WHAT IS BEING ASKED:
Please copy every line below that contains the string "roll".
________________________________________
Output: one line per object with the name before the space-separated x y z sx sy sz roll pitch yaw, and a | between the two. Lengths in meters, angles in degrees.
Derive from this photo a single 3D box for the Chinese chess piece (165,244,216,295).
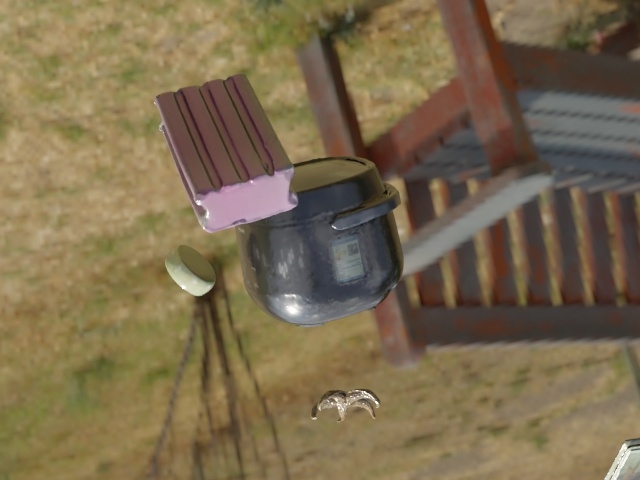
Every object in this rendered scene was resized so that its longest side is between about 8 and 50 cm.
Chinese chess piece | -0.196 0.045 2.170 0.034 0.084 0.084 -43 149 17

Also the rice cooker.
rice cooker | 0.000 0.000 2.186 0.267 0.224 0.267 -12 -167 3

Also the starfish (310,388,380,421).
starfish | 0.036 0.208 1.823 0.091 0.028 0.078 18 142 -34

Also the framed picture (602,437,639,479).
framed picture | 0.546 0.361 2.208 0.274 0.017 0.217 -5 134 -19

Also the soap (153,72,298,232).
soap | -0.112 -0.107 1.699 0.122 0.203 0.065 -16 135 -9
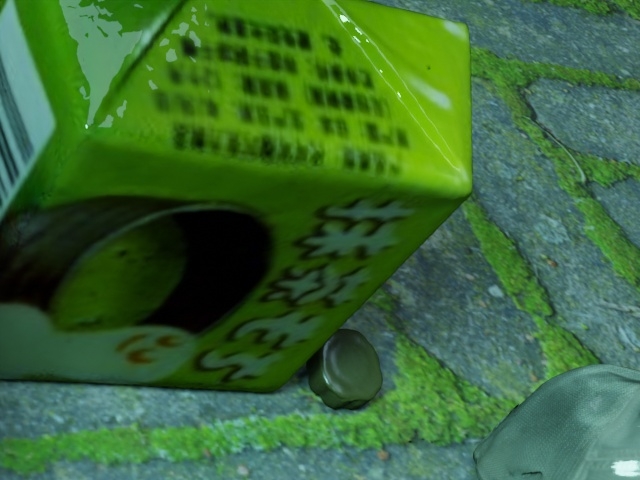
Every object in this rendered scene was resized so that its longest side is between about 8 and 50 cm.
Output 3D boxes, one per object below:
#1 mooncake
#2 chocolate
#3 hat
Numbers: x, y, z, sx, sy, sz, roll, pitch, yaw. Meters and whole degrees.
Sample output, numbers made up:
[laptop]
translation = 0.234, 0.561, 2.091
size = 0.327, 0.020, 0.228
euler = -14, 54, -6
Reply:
________________________________________
SOLVED EXERCISE:
Output: one line per object with the name before the space-separated x y z sx sy sz roll pitch yaw, and a | between the two. Lengths in meters, angles in degrees.
Numbers: x, y, z, sx, sy, sz, roll, pitch, yaw. Meters and whole degrees.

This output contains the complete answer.